片づけ終わって後ろを向くと人が立っていたようで、振り向きざまに腕が当たってしまった。
「、きゃ」
「うぉ、すまねぇ」
ジャンの受け皿に残っていたスープがスカートに少しかかってしまった。でもそんなことよりジャンがスープを残すだなんて、とか体調が悪いんだろうか、とか考えてしまう私は重症だろうか。
「やべ、シミになるな。洗いに行くぞ」
「え、あ、うん」
ジャンのテキパキとした動きによって、スープの汚れはすぐに落されたけど、少しシミになってしまったようだ。
「あー、ほんっとにすまねぇ!」
「いいよこのくらい。洗えば落ちるよ」
「いや、何かさせてくれ。何でもいいんだ」
気にしなくてもいいのに、というロゼッタにジャンは引こうとしない。なんなら勉強も見てやるぞ、と言われて少しムッとするけど、実際彼の方がロゼッタより成績が上だから何も言えない。

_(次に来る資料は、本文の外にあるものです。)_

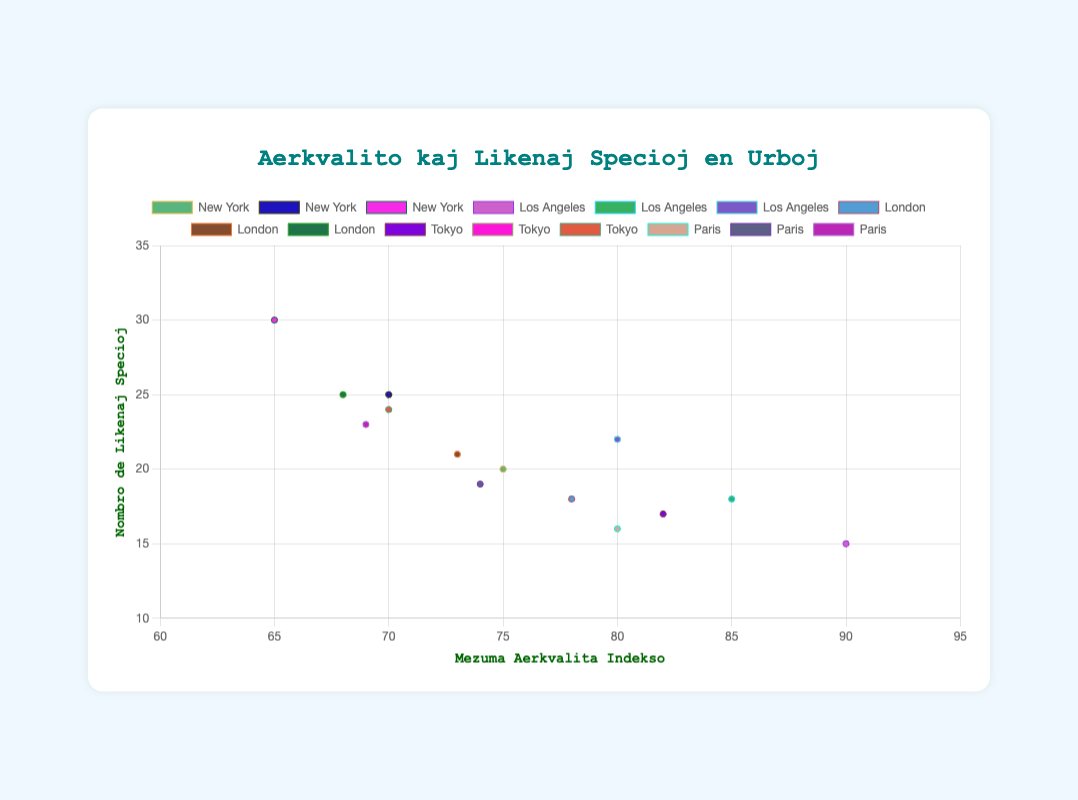What trend is observed in the average air quality index for New York from 2010 to 2020? The trend observed in the average air quality index for New York is that it decreases over the years from 75 in 2010 to 70 in 2015 and finally to 65 in 2020.
Answer: The air quality improves Compare the number of lichen species counts in New York and Los Angeles in 2020. Which city has more species? In 2020, the number of lichen species in New York is 30, while in Los Angeles, it is 22. Thus, New York has more lichen species than Los Angeles.
Answer: New York Which city experienced the largest improvement in air quality from 2010 to 2020? To determine this, we look for the city with the largest decrease in the average air quality index. New York: 75 to 65 (10 points), Los Angeles: 90 to 80 (10 points), London: 78 to 68 (10 points), Tokyo: 82 to 70 (12 points), Paris: 80 to 69 (11 points). Thus, Tokyo experienced the largest improvement.
Answer: Tokyo Is there a general correlation between air quality and lichen species count across the cities? By looking at the scatter plot, a general correlation can be observed: as the air quality index decreases (indicating better air quality), the number of lichen species tends to increase. This suggests a positive correlation between better air quality and higher lichen species diversity.
Answer: Positive correlation What is the difference in lichen species count between Tokyo and Paris in 2015? In 2015, Tokyo has 20 lichen species, and Paris has 19 lichen species. The difference is 20 - 19 = 1 species.
Answer: 1 species Which city shows the largest increase in lichen species from 2010 to 2020? Comparing the increase in lichen species from 2010 to 2020 for each city: New York: 20 to 30 (10 species), Los Angeles: 15 to 22 (7 species), London: 18 to 25 (7 species), Tokyo: 17 to 24 (7 species), Paris: 16 to 23 (7 species). Hence, New York shows the largest increase in lichen species.
Answer: New York Among the cities listed, which one maintained the highest average air quality index in 2010? For 2010, we compare the average air quality index values: New York (75), Los Angeles (90), London (78), Tokyo (82), Paris (80). Los Angeles had the highest value.
Answer: Los Angeles How many lichen species were recorded in Los Angeles and London combined in 2020? In 2020, Los Angeles recorded 22 lichen species and London recorded 25. Combined, it is 22 + 25 = 47 species.
Answer: 47 species Which city had the lowest number of lichen species in 2010, and what was the air quality index for that city at that time? In 2010, Los Angeles had the lowest number of lichen species with 15. The air quality index for Los Angeles in 2010 was 90.
Answer: Los Angeles with AQI 90 Compare New York's air quality index improvement with Paris from 2010 to 2020. Which city's air quality improved more? New York's air quality index improved by 10 points (from 75 to 65) from 2010 to 2020. Paris's air quality index improved by 11 points (from 80 to 69) from 2010 to 2020. Thus, Paris's air quality improved more.
Answer: Paris 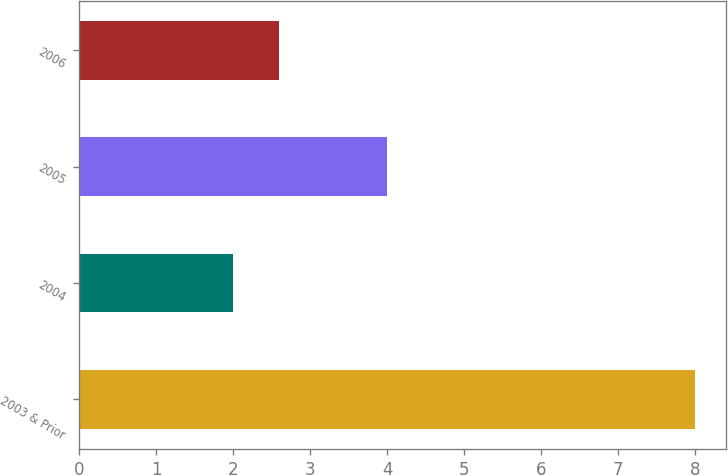Convert chart to OTSL. <chart><loc_0><loc_0><loc_500><loc_500><bar_chart><fcel>2003 & Prior<fcel>2004<fcel>2005<fcel>2006<nl><fcel>8<fcel>2<fcel>4<fcel>2.6<nl></chart> 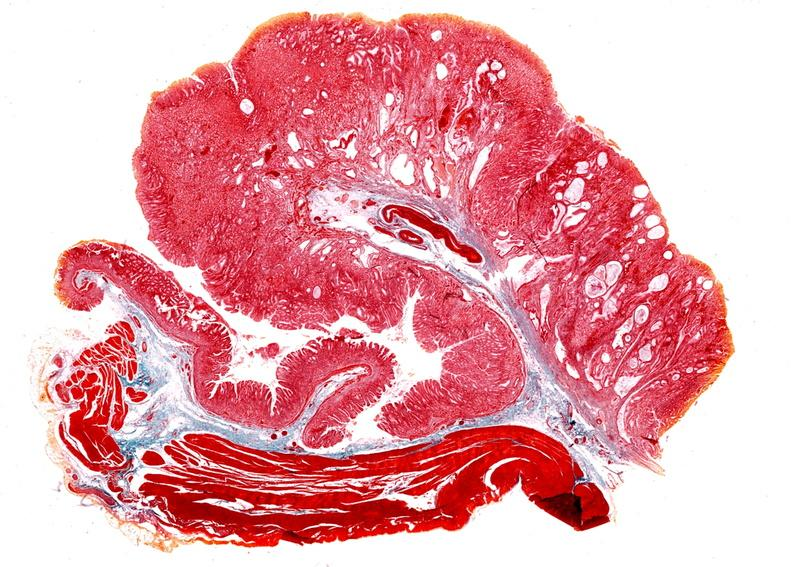what does this image show?
Answer the question using a single word or phrase. Stomach 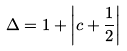<formula> <loc_0><loc_0><loc_500><loc_500>\Delta = 1 + \left | c + \frac { 1 } { 2 } \right |</formula> 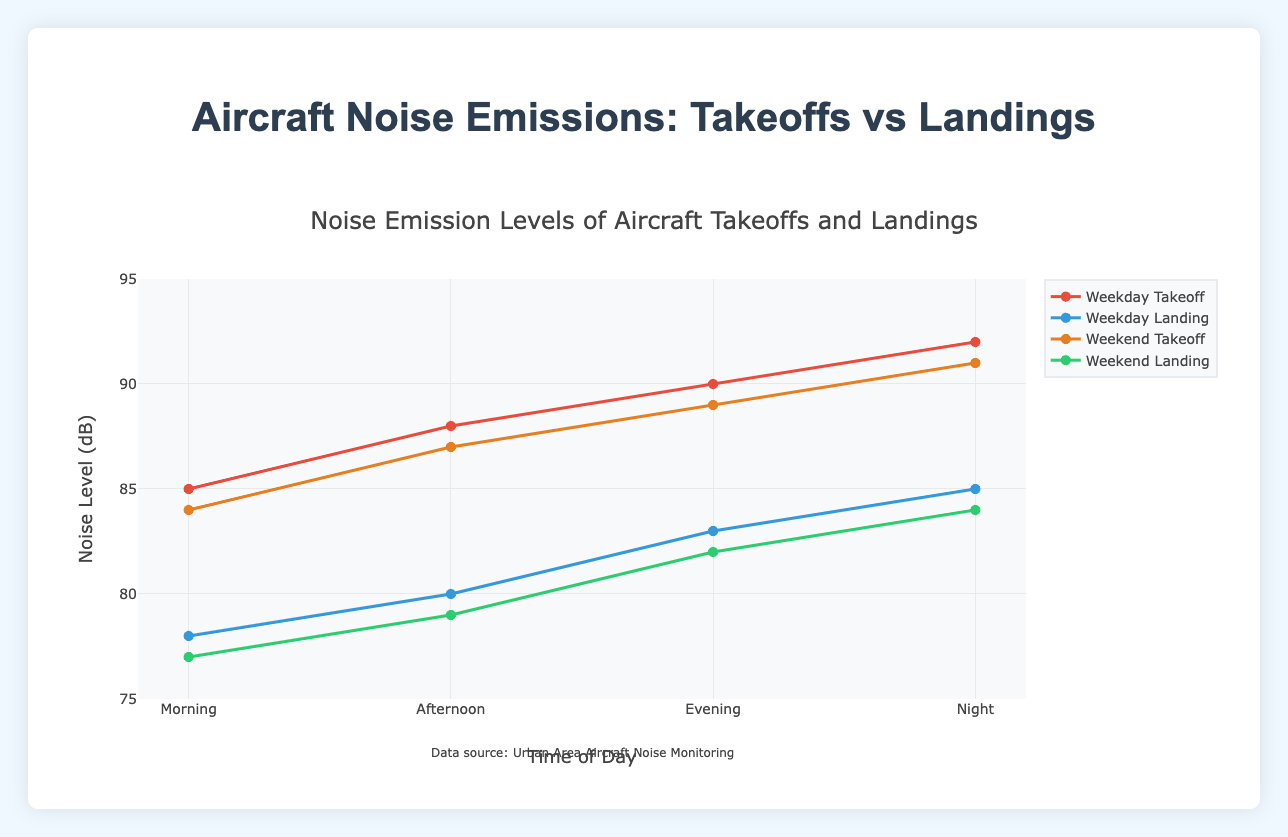What is the general trend in noise levels from morning to night for weekday takeoffs? The noise levels for weekday takeoffs increase steadily from morning (85 dB) to night (92 dB), indicating a progressive rise in noise emissions throughout the day.
Answer: Increasing trend Which time of day experiences the highest noise level for weekend landings? By observing the weekend landing noise levels across the times of day, the night has the highest level at 84 dB.
Answer: Night How does the weekend afternoon takeoff noise level compare with that of the weekday afternoon takeoff? Comparing the afternoon takeoff noise levels, the weekend is 87 dB and the weekday is 88 dB, so the weekend is 1 dB lower.
Answer: 1 dB lower Is there a significant difference between weekday and weekend landing noise levels in the evening? The evening landing noise levels for weekdays and weekends are 83 dB and 82 dB respectively, with only a 1 dB difference, implying they are quite similar.
Answer: 1 dB difference What is the average noise level of weekend takeoffs across all times of the day? To find the average: (84 + 87 + 89 + 91) / 4 = 351 / 4, which equals 87.75 dB.
Answer: 87.75 dB Which has higher noise emission on average, weekday or weekend landings? Calculate the averages: 
Weekday: (78 + 80 + 83 + 85) / 4 = 326 / 4 = 81.5 dB 
Weekend: (77 + 79 + 82 + 84) / 4 = 322 / 4 = 80.5 dB 
Weekdays are higher by 1 dB on average.
Answer: Weekdays Compare takeoff noise levels between weekday and weekend evenings. The evening takeoff noise levels are 90 dB on weekdays and 89 dB on weekends, showing that weekdays are slightly higher by 1 dB.
Answer: Weekdays higher by 1 dB How does morning noise level for weekday takeoffs compare to their respective landings? The morning takeoff noise level is 85 dB, while the landing noise level is 78 dB, resulting in a difference of 7 dB with takeoffs being louder.
Answer: Takeoffs 7 dB louder What is the total sum of noise levels for weekend landings throughout the day? Sum up all the weekend landing noise levels: 77 + 79 + 82 + 84 = 322 dB in total.
Answer: 322 dB In terms of visual color coding, which plot line corresponds to the highest noise levels at night? The highest noise levels at night are from the weekday takeoffs (92 dB), which is represented by the red line on the plot.
Answer: Red line 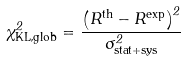<formula> <loc_0><loc_0><loc_500><loc_500>\chi ^ { 2 } _ { \text {KL,glob} } = \frac { \left ( R ^ { \text {th} } - R ^ { \text {exp} } \right ) ^ { 2 } } { \sigma _ { \text {stat+sys} } ^ { 2 } }</formula> 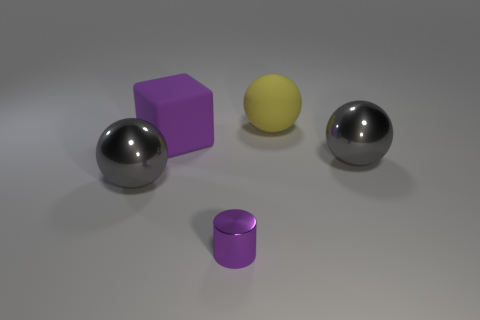Subtract all big metallic spheres. How many spheres are left? 1 Subtract all purple cylinders. How many gray spheres are left? 2 Subtract all gray balls. How many balls are left? 1 Add 3 big yellow spheres. How many objects exist? 8 Subtract 1 balls. How many balls are left? 2 Add 1 big gray metal things. How many big gray metal things are left? 3 Add 4 tiny brown cylinders. How many tiny brown cylinders exist? 4 Subtract 0 red spheres. How many objects are left? 5 Subtract all cubes. How many objects are left? 4 Subtract all red spheres. Subtract all purple blocks. How many spheres are left? 3 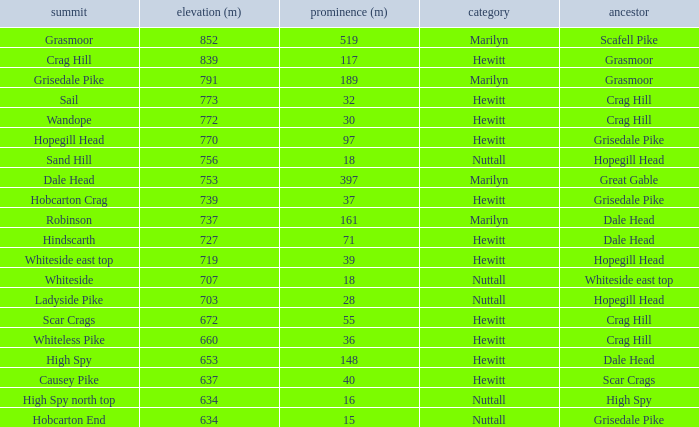Parse the full table. {'header': ['summit', 'elevation (m)', 'prominence (m)', 'category', 'ancestor'], 'rows': [['Grasmoor', '852', '519', 'Marilyn', 'Scafell Pike'], ['Crag Hill', '839', '117', 'Hewitt', 'Grasmoor'], ['Grisedale Pike', '791', '189', 'Marilyn', 'Grasmoor'], ['Sail', '773', '32', 'Hewitt', 'Crag Hill'], ['Wandope', '772', '30', 'Hewitt', 'Crag Hill'], ['Hopegill Head', '770', '97', 'Hewitt', 'Grisedale Pike'], ['Sand Hill', '756', '18', 'Nuttall', 'Hopegill Head'], ['Dale Head', '753', '397', 'Marilyn', 'Great Gable'], ['Hobcarton Crag', '739', '37', 'Hewitt', 'Grisedale Pike'], ['Robinson', '737', '161', 'Marilyn', 'Dale Head'], ['Hindscarth', '727', '71', 'Hewitt', 'Dale Head'], ['Whiteside east top', '719', '39', 'Hewitt', 'Hopegill Head'], ['Whiteside', '707', '18', 'Nuttall', 'Whiteside east top'], ['Ladyside Pike', '703', '28', 'Nuttall', 'Hopegill Head'], ['Scar Crags', '672', '55', 'Hewitt', 'Crag Hill'], ['Whiteless Pike', '660', '36', 'Hewitt', 'Crag Hill'], ['High Spy', '653', '148', 'Hewitt', 'Dale Head'], ['Causey Pike', '637', '40', 'Hewitt', 'Scar Crags'], ['High Spy north top', '634', '16', 'Nuttall', 'High Spy'], ['Hobcarton End', '634', '15', 'Nuttall', 'Grisedale Pike']]} What is the lowest height for Parent grasmoor when it has a Prom larger than 117? 791.0. 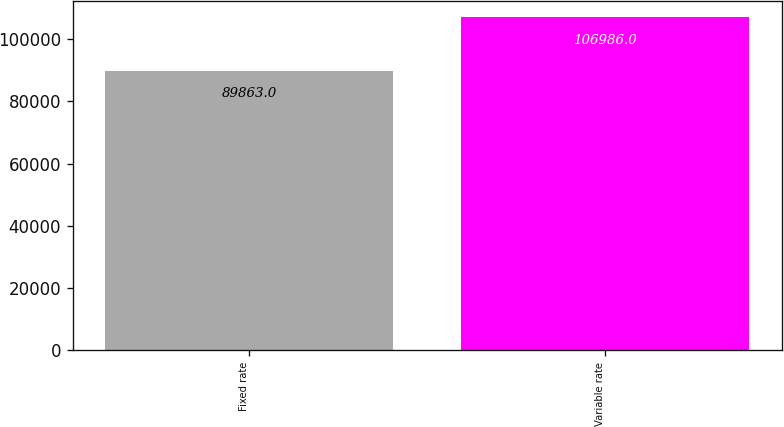Convert chart. <chart><loc_0><loc_0><loc_500><loc_500><bar_chart><fcel>Fixed rate<fcel>Variable rate<nl><fcel>89863<fcel>106986<nl></chart> 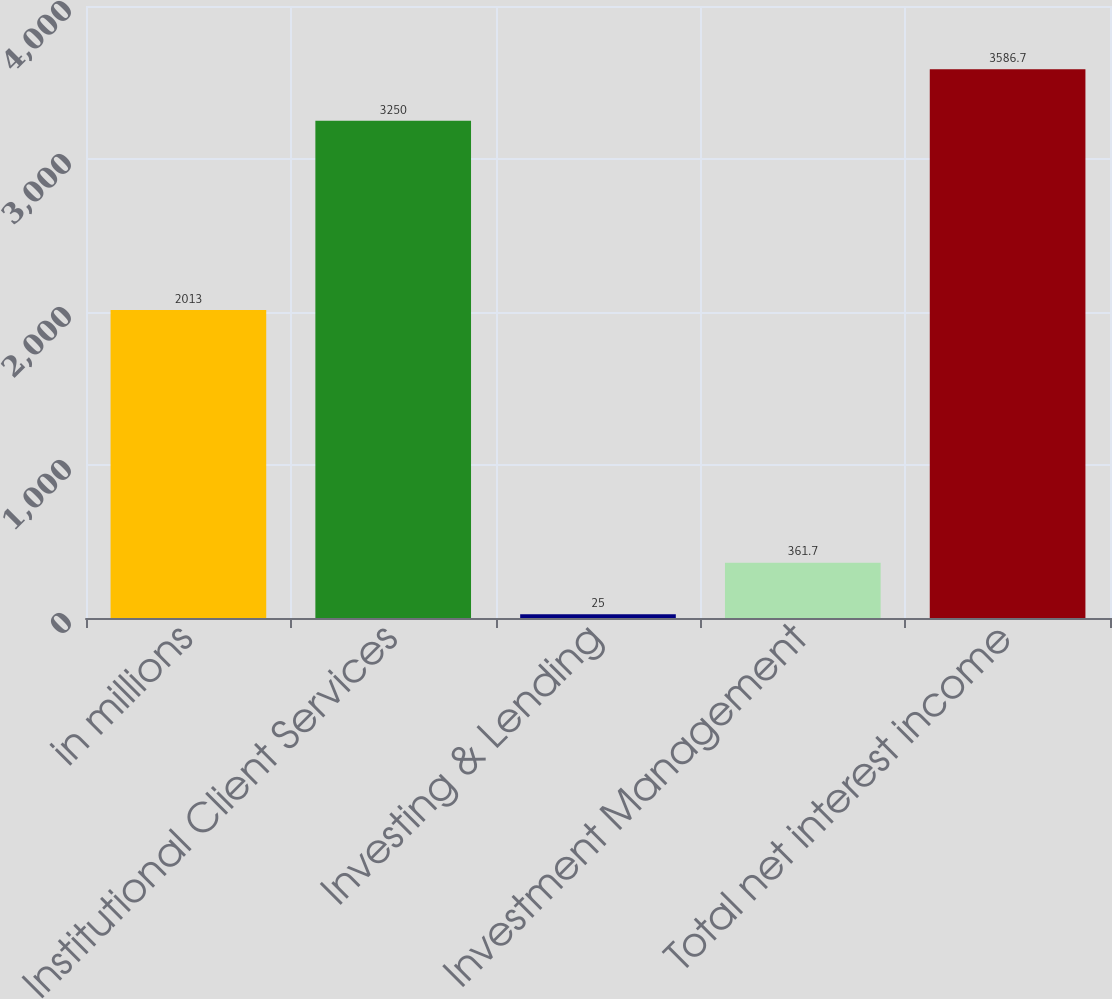<chart> <loc_0><loc_0><loc_500><loc_500><bar_chart><fcel>in millions<fcel>Institutional Client Services<fcel>Investing & Lending<fcel>Investment Management<fcel>Total net interest income<nl><fcel>2013<fcel>3250<fcel>25<fcel>361.7<fcel>3586.7<nl></chart> 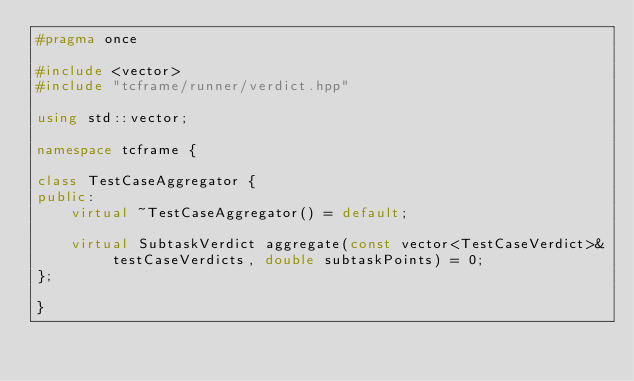<code> <loc_0><loc_0><loc_500><loc_500><_C++_>#pragma once

でも、もしかしたらジャンと2人になれるチャンスかもしれないし、なんて。
彼の好意を利用して、嫌な子だな、私。
「あ、じゃあ今度の休日はどうだ?」
いいよ、と言いかけた口を閉じた。だめだ、次の休日はエレンとの約束がある。
「あ、ごめん、次はちょっと用事が入ってて」
「・・・エレン、か?」
「うん、町に出かけることになったの。ごめんね、」
「いや、いい。知ってた」
・・・あれ、おかしいな。あの場にいなかったジャンがエレンと出かけることを知ってるなんて。ミーナやコニ―に聞いたのだろうか?いや、自分たちは片づけを終えてすぐこっちに来たはずだ。そんな時間なかった。
「なんで、知ってるの?」
私の問いかけにジャンがギクリと肩を震わせた気がした。
「あぁ、いや。最近お前ら仲良いから、そうだろうなと思っただけだ」
朝のミーナに言われたことと同じだ。やはりみんなから見たら最近のエレンと私はベタベタしすぎたかもしれない。少し自重しよう。ジャンにまで付き合ってるなんて誤解されたらとんでもない。
「ま、お前らお似合いだと思うけど」
「・・・・え?」
「なんつーか、エレンとロゼッタが2人でいると近づき難いんだよな。オーラが出てて」
「え、ま、」
「でも程々にしとけよ、人目考えろって」
シミの件はまたいつかな、とジャンは急ぎ足で去ってしまった。
「どうしよう、遅かった」
近づき難い、人目考えろ、お似合い、
「はは、どうしよう」
とっくに誤解されていたらしい。こんな私には、自業自得という言葉がお似合いだ。